Het is alweer zes jaar geleden dat Mario Draghi zijn beroemde uitspraak “whatever it takes” deed om de eenheid in de Europese Unie te bewaren. Zijn speech markeerde een belangrijk keerpunt voor de Europese economie tijdens de financiële crisis. Sindsdien zijn de risicopremies gedaald en zijn financieringsvoorwaarden – vooral voor overheidsschulden – gunstiger geworden.
De Chart of the Week van DWS laat zien dat de Italiaanse minister van Financiën in vergelijking tot het bbp ongeveer een derde minder kwijt is aan aflossingen dan in het jaar 2000. Dat is opmerkelijk aangezien de Italiaanse schuldenlast is toegenomen van 105% naar 132% van het bbp. Ook de Duitsers en de Fransen hoeven minder te budgetteren om hun betalingsverplichtingen na te komen.
“Het is een zegen dat de eurozone niet uiteen is gevallen, en dat we bespaard zijn gebleven van een ernstige economische crisis. Maar er hangt wel een prijskaartje aan.

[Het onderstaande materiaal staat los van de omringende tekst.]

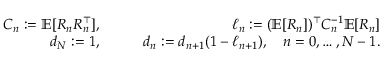<formula> <loc_0><loc_0><loc_500><loc_500>\begin{array} { r l r } { C _ { n } \colon = \mathbb { E } [ R _ { n } R _ { n } ^ { \top } ] , } & { \quad } & { \ell _ { n } \colon = ( \mathbb { E } [ R _ { n } ] ) ^ { \top } C _ { n } ^ { - 1 } \mathbb { E } [ R _ { n } ] } \\ { d _ { N } \colon = 1 , } & { \quad } & { d _ { n } \colon = d _ { n + 1 } ( 1 - \ell _ { n + 1 } ) , \quad n = 0 , \dots , N - 1 . } \end{array}</formula>

De grenzen tussen het economisch, begrotings- en monetair beleid zijn vervaagd tot een niveau dat tien jaar geleden volstrekt ondenkbaar was. Dat heeft het begrotings- en monetair beleid er na de crisis niet gemakkelijker op gemaakt. Op den duur kan het ons hoofdpijn bezorgen. Meer voortgang, vooral op vlak van verdere integratie van de Europese kapitaalmarkten, zou meer dan welkom zijn.”